▶ _RECORDS SHOWN_:
———
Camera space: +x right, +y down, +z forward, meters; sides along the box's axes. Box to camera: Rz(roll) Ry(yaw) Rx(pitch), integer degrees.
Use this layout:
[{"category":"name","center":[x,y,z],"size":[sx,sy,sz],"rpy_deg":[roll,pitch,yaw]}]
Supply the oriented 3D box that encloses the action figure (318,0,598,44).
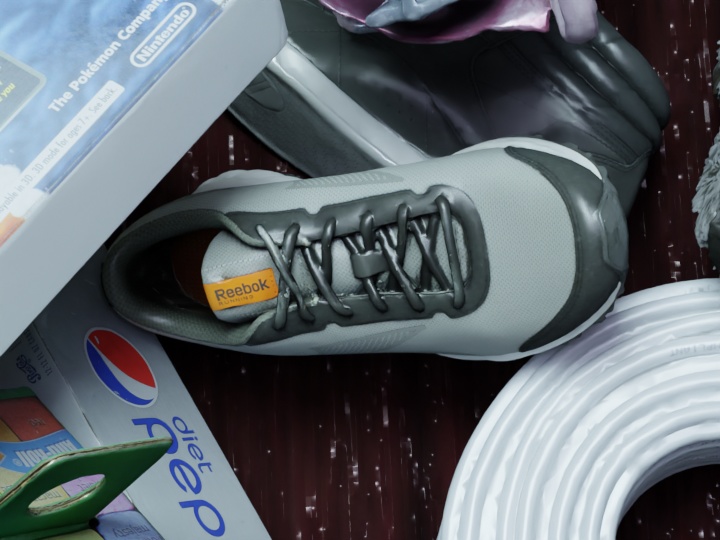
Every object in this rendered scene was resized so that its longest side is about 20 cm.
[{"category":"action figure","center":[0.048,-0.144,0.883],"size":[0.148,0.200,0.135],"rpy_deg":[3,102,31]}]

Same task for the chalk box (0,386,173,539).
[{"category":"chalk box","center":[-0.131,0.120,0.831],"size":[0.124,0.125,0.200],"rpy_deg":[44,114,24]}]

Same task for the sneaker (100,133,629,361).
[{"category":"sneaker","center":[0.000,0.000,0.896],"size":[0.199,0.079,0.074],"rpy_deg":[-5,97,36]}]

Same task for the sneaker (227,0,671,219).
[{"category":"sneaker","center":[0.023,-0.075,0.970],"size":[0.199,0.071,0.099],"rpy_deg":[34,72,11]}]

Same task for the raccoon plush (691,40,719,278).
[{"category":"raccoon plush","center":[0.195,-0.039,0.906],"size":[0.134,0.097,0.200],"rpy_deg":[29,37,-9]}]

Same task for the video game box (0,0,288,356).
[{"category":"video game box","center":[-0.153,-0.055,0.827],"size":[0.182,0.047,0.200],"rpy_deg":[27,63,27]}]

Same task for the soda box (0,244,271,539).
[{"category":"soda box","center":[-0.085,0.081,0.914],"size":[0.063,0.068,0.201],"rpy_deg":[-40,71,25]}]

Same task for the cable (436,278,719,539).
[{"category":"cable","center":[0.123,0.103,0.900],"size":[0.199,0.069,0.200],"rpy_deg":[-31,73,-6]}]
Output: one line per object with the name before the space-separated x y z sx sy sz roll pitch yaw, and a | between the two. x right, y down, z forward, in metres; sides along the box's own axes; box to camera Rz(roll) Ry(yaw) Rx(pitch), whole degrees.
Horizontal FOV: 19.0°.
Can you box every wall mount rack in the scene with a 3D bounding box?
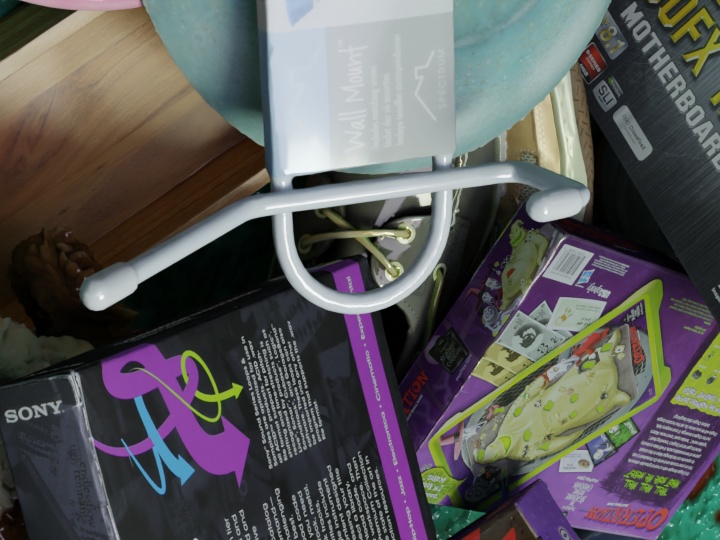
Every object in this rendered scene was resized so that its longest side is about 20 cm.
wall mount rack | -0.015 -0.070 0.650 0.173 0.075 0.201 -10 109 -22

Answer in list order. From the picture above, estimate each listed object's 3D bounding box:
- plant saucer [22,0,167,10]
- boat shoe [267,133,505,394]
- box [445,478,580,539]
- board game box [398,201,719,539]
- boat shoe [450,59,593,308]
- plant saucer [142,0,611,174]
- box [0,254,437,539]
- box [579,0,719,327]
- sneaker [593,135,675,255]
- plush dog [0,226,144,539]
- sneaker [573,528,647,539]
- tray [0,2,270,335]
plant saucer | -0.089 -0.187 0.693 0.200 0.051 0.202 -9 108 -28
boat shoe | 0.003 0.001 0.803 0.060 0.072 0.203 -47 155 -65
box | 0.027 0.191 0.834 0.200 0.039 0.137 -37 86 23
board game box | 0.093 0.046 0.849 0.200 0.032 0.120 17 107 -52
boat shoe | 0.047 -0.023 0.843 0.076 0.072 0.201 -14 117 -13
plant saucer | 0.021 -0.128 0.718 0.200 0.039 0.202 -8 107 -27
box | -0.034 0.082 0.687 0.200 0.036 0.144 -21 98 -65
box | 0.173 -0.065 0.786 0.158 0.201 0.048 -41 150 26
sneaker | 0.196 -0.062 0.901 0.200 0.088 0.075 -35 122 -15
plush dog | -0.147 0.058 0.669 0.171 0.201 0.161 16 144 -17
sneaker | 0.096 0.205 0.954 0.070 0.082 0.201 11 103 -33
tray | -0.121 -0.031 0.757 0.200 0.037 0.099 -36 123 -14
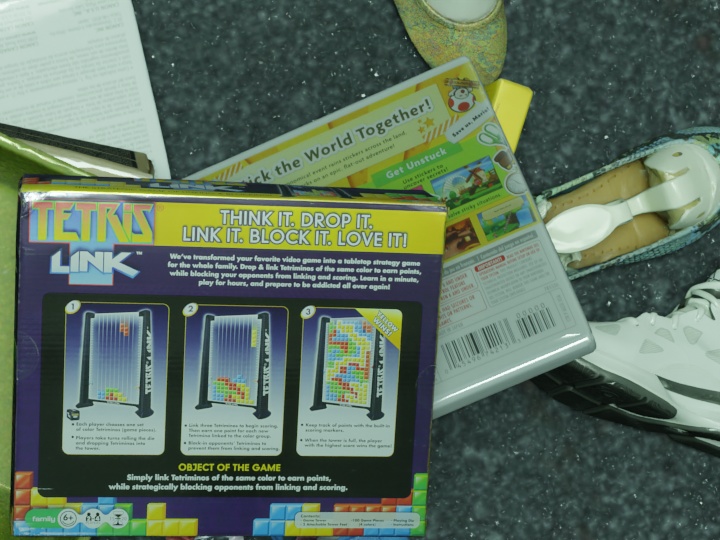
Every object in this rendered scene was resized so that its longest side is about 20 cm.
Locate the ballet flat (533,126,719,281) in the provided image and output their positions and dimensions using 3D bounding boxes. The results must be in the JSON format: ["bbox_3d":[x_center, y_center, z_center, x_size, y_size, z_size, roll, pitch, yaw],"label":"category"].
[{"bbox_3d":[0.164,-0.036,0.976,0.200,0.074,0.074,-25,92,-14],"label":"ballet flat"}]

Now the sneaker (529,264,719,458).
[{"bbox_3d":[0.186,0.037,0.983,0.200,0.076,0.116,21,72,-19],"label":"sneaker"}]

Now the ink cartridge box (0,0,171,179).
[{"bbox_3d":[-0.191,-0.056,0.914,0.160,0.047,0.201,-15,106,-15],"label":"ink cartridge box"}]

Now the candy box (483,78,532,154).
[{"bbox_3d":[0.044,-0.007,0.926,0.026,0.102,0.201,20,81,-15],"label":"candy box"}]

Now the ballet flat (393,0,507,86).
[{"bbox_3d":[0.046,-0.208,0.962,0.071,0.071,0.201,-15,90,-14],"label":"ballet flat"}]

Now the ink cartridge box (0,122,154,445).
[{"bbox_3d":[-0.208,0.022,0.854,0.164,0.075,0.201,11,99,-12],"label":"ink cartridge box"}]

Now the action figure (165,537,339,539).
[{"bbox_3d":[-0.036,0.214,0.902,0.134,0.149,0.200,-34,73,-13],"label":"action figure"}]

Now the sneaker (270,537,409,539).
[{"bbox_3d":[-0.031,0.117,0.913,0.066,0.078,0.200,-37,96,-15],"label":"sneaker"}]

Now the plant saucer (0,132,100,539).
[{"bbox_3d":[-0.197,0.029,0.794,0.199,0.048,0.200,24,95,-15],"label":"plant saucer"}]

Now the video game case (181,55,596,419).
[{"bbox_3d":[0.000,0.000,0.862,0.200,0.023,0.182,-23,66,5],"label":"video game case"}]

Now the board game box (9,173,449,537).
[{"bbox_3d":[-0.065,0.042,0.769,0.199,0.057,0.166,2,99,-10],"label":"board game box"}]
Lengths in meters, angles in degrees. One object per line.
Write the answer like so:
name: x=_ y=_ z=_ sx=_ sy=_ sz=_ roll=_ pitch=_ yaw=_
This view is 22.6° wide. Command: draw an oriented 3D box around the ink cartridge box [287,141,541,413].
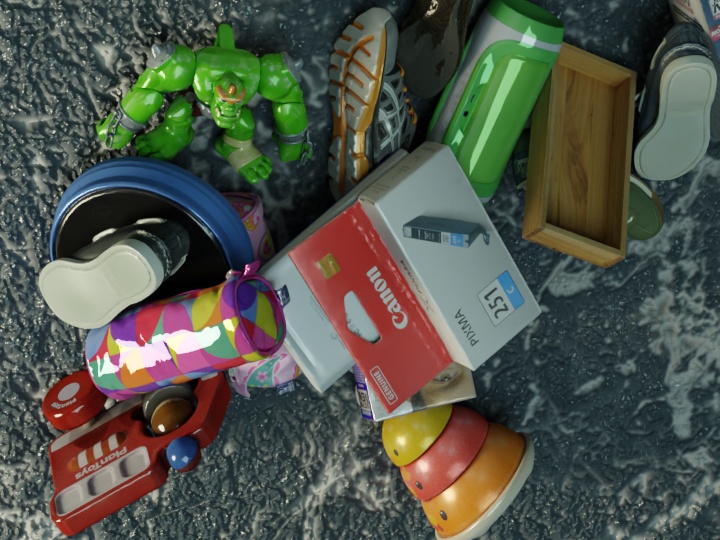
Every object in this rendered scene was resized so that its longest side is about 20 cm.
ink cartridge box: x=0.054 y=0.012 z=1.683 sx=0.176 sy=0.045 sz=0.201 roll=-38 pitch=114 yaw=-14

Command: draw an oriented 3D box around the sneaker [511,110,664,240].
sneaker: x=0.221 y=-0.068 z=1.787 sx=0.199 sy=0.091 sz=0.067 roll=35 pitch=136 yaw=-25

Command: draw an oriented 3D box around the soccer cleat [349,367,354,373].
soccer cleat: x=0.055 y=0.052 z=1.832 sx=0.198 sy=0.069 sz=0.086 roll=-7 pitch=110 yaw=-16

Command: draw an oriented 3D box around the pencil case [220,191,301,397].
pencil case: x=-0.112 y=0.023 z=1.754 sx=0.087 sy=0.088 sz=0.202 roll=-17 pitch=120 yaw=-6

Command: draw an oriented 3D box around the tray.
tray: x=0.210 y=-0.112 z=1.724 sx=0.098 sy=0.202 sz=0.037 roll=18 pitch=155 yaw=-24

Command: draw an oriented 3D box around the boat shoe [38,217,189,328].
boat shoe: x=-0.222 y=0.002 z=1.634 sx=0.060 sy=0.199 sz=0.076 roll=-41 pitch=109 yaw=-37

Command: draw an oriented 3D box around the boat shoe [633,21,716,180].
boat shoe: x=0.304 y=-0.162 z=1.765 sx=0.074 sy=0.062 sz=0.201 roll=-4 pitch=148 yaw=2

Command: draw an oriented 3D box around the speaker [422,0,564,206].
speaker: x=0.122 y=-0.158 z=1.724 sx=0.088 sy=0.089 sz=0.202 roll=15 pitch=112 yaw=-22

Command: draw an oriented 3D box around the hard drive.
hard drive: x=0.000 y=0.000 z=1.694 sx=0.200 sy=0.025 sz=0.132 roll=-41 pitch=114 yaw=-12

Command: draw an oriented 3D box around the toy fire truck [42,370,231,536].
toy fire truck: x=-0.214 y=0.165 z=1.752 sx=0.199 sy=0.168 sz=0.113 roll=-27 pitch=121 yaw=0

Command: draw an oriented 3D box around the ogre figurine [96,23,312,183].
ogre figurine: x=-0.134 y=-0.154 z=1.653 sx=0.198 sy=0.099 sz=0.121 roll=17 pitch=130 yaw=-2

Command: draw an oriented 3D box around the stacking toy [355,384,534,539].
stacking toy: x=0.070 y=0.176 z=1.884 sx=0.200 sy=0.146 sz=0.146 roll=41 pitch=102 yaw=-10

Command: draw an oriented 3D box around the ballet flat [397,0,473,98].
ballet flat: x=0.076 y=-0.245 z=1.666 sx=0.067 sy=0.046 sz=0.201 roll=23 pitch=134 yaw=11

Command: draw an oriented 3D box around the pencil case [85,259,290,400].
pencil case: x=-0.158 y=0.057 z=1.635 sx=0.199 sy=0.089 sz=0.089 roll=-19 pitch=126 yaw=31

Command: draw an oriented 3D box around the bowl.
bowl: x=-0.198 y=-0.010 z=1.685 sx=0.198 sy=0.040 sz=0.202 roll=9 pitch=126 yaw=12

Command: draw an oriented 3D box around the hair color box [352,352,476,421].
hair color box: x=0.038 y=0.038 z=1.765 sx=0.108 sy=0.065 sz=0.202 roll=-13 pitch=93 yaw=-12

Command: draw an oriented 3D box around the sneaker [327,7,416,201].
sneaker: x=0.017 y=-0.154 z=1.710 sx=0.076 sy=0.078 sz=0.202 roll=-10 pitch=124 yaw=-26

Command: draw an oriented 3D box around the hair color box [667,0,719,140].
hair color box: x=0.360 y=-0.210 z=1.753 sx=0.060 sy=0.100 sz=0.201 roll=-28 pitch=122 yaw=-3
———
▶ _WORK INSTRUCTION_: With the line holding "- sneaker [593,135,675,255]" as the first and the line holding "- sneaker [573,528,647,539]" as the last, please transcribe exactly the lines of the material above in that range and nothing else.

▶ _ANSWER SPACE_:
- sneaker [593,135,675,255]
- plush dog [0,226,144,539]
- sneaker [573,528,647,539]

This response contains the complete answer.